В прошлое воскресенье французский городок Компьень принимал ежегодную ярмарку вина и сыра. Утром на центральной площади яблоку было негде упасть, причем доминировали в толпе отнюдь не туристы, а самые что ни на есть аутентичные жители французской провинции, будто только что сошедшие с экранов старой комедии Жана Жиро. Они пробовали вино, живо обсуждали его вкус, заливисто хохотали, торговались с виноделами, отчаянно жестикулируя, затем тут же на месте заключали сделки и отмечали их в многочисленных ресторанчиках. Словом, вокруг была идиллическая картинка милой доброй Франции.
Однако через пару часов площадь заметно опустела.
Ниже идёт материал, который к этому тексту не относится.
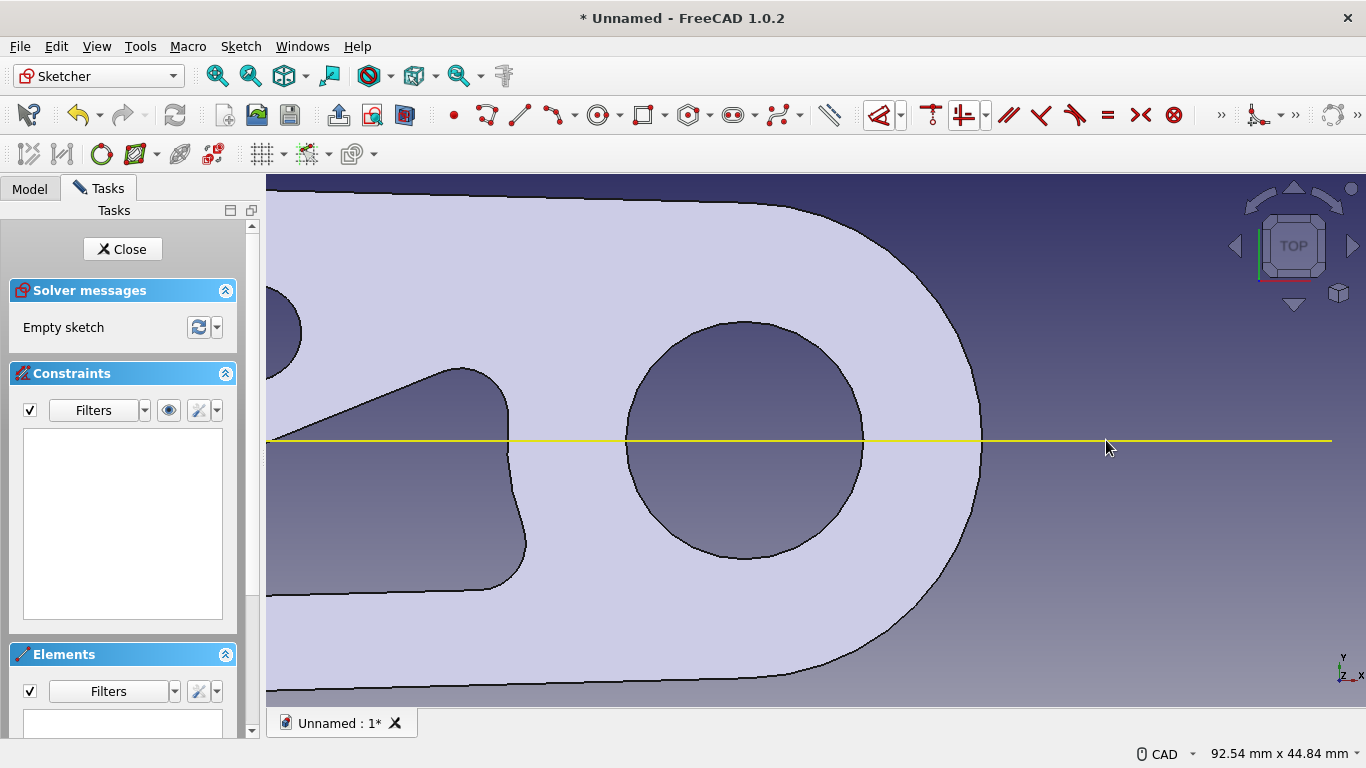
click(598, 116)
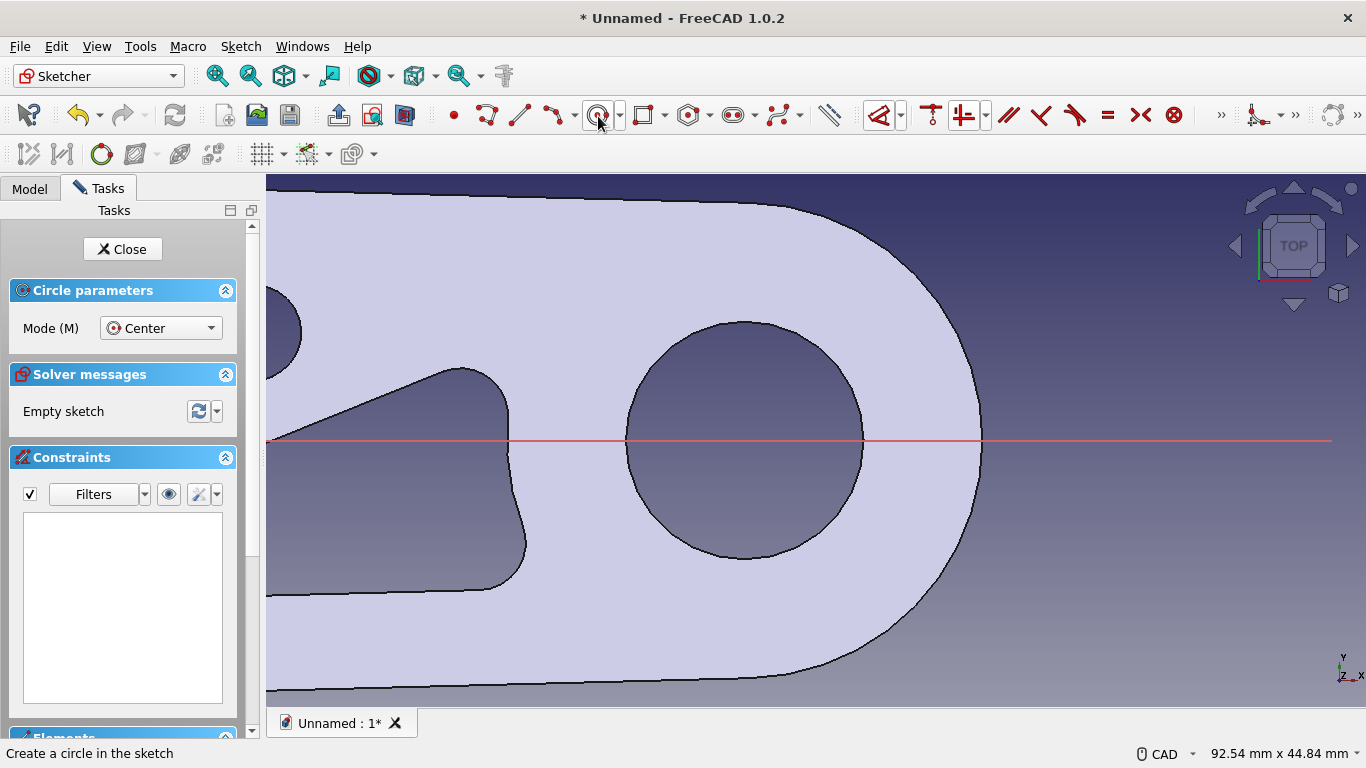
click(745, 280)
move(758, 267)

На соседнюю улочку подъехала дюжина автобусов, в которые почтенные мадам и месье организованно погрузились. При этом лица у них были уже далеко не такие беззаботные, как десять минут назад. Колонна автобусов из Компьена, как и сотни ей подобных из других тихих провинциальных городков, отправлялась в Париж, где ее пассажиры влились в ряды самой массовой за последние годы гражданской акции протеста. В этот день к Дому инвалидов вышел, по оценкам организаторов, миллион человек, возмущенных законом, разрешающим гомосексуальные браки, а также планами правительства наделить гей-пары правом усыновлять детей.
Впрочем эта колонка не про отчаянную попытку консервативной и традиционной Франции отстоять свои принципы и ценности. Собственно, вне зависимости от того, каким будет исход их борьбы, она отлично иллюстрирует очень важный для понимания нынешних европейцев факт. Выход на демонстрацию здесь не является прерогативой узкой группы политических активистов. Если какая-то тема возбуждает общественный интерес, можно быть уверенным, что она не останется на уровне кухонных споров, а вырвется на улицы.
Французы здесь не исключение из правил. Когда два года назад случилась Фукусима, миллионы немцев, большинство из которых даже на выборы никогда не ходят, выстроились в живые цепи длиной в сотни километров. Результатом стал разворот незадолго до этого принятой энергетической стратегии и решение о закрытии всех немецких АЭС к 2020 году.
Есть и менее масштабные примеры успешного протеста. Так, недалеко от нас есть городок Кенен. Он совсем небольшой — 2275 жителей. Такое типичное немецкое захолустье, где даже магазина ни одного нет, кроме булочной, а время сонное и тягучее, как любимая местными жителями пастила. Но недавно кененским бюргерам понадобилось кое-что от власти. Дело в том, что в последние годы стремительно вырос трафик на дороге, протыкающей городок по главной (а по сути – единственной) улице. Строительство объезда было горожанам давно обещано, но отчего-то застопорилось. И тогда в одно прекрасное утро перед каждым(!) домом Кенена появился транспарант с требованием к местным властям возобновить стройку и закончить в срок.
И чиновникам пришлось объясняться, оправдываться и гарантировать, что все будет улажено. Только после этого надписи сменились на другие – с датой сдачи объезда и словами «Мы следим».
Да, разумеется, можно считать, что такие гражданские привычки часто оборачиваются убытками для экономики. В парижских отелях, к примеру, постояльцев честно предупреждают, что за форс-мажор в виде митингов владельцы ответственности не несут. А тот самый воскресный митинг обошелся в 800 тысяч евро (собранных, впрочем, по подписке самими участниками). Кененцам тоже пришлось заплатить за краску и ватман из своего кармана.
Кухонные протесты, безусловно, обходятся значительно дешевле. Но вот эффективнее ли они, большой вопрос.